Barack Obama’s campaign focus has been all about change. But standing in front of a giant sign dominated by the word “change,” much of his wife’s speech Friday at Spokane’s Fox theater highlighted a topic usually stressed by Hillary Clinton’s camp: experience.
Michelle Obama pointed to her husband’s years as a community activist in Chicago and his eight years in the Illinois Legislature before winning a seat in the U.S. Senate in 2004.
“As we talk about experience, the truth of the matter is that Barack has more legislative experience than his opponent,” she said. “Wouldn’t it be nice to have a president of the United States who understands how federal law impacts local government? Barack is the only candidate who brings that kind of perspective.”
Obama gave a 50-minute address to a boisterous crowd. About 1,600 people found seats in the theater. Another 100 or so listened from the gallery. About 200 were shut out completely.
Without providing much in the way of specific proposals, Michelle Obama said her husband would improve education, create more access to health care, increase respect for the U.S. abroad and help unite the country.
Just because Obama is experienced, that doesn’t mean he’s the same-old politician, she said.
“What Barack did with his years in politics was not become a part of that system,” she said. “When you’re free, when you are not owned or you don’t owe, but you’re doing this because it’s the right thing to do, you can take risks.”
Obama and Clinton are locked in a close battle for the Democratic nomination. Three days after voting ended in the Super Tuesday primaries and caucuses, the race for delegates in those contests was too close to call Friday. With 91 delegates still to be divided, Obama had earned 796 from Tuesday to 794 for Clinton, according to the Associated Press.
Clinton, however, was leading the overall delegate count, 1,055 to Obama’s 998.
Today, 97 delegates are up for grabs in Washington’s Democratic precinct caucuses.
“This momentum has been building,” Michelle Obama said.
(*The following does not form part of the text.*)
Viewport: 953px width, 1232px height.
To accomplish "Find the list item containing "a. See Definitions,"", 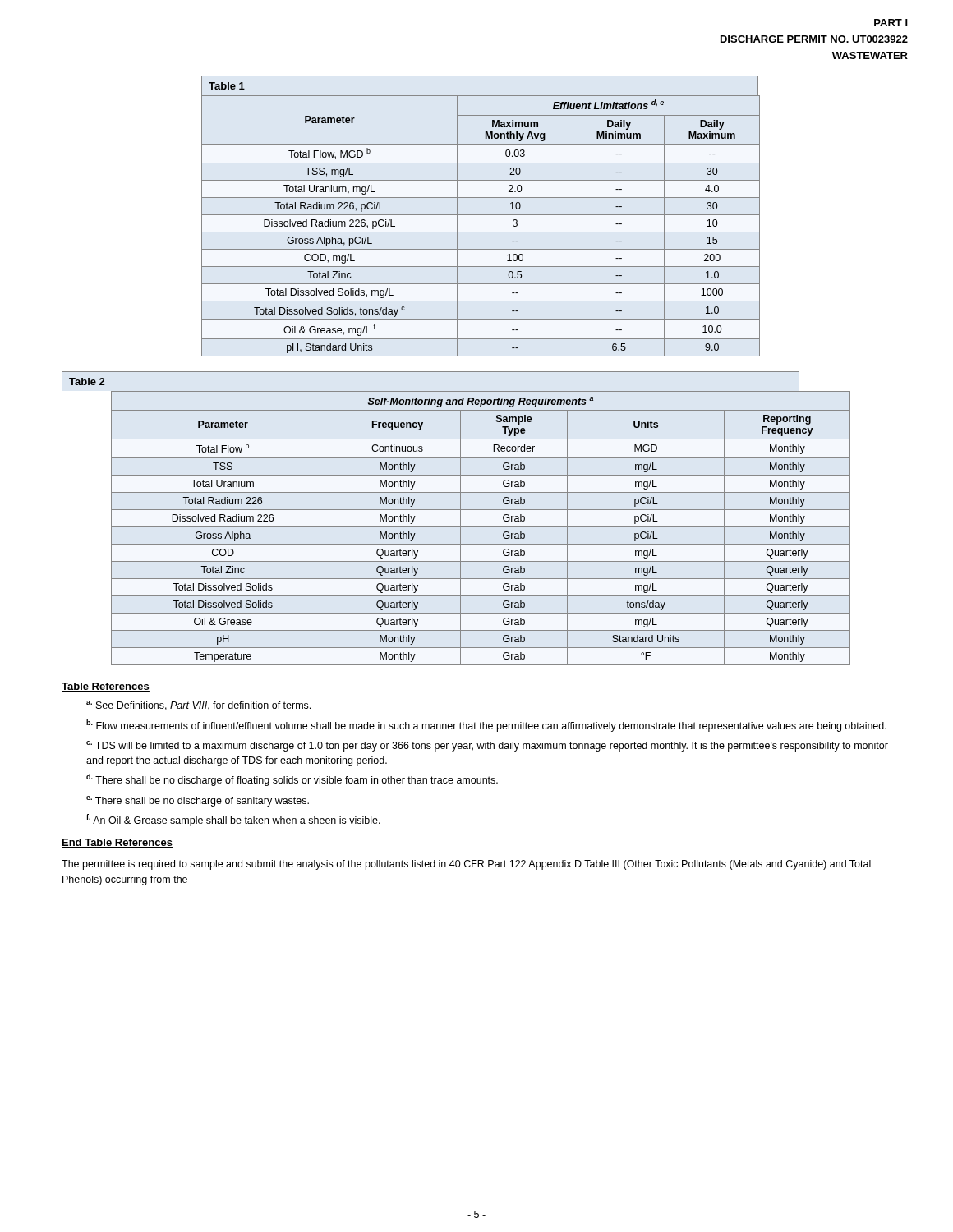I will pyautogui.click(x=199, y=705).

“When was the last time we had a Democratic candidate who could win South Carolina and Utah?” she asked before adding “Idaho” after a few shouts from the crowd.
The would-be first lady spent much of her address talking about “regular folks” and their struggles with health care, jobs going overseas and mounting debts to pay for college.
“It has gotten progressively worse for regular folks through Republican and Democratic administrations,” she said.
Spokane resident Jessie Marshall agreed. She was one of a few dozen supporters who reached from the audience to shake Obama’s hand after the speech.
“I am really ready for a change. I used to think I was in the middle class. Now I feel I’m lower middle class,” Marshall said. “I’m not voting for Barack Obama because he’s black. I’m voting for him because, as his wife said, he’s brilliant.”
Before the event, several hundred people lined a block down Sprague and around to Madison Street. After doors opened and the theater filled, campaign organizers counted empty seats and told security to let just enough in to fill them.
“Twelve people! There’s nobody else coming in here,” shouted Spokane police Lt. Darrell Toombs. State Sen. Chris Marr, D-Spokane, needed an escort to get in the building because the theater had reached capacity. He and state Senate Majority Leader Lisa Brown, D-Spokane, introduced Obama.
Kristin Taylor, an Obama campaign volunteer from Montana, said Spokane shouldn’t be offended that Barack Obama chose to make his Washington appearances on the West Side of the state. He and Michelle are trying to cover as much ground as possible in the few days between contests, she said.
Many said they were just as happy to have Michelle.
“My dad was disappointed (Barack) wasn’t coming, but after listening to her, I’m not disappointed,” said Dalton Paget, a 19-year-old Eastern Washington University student. “I would vote for her right now.”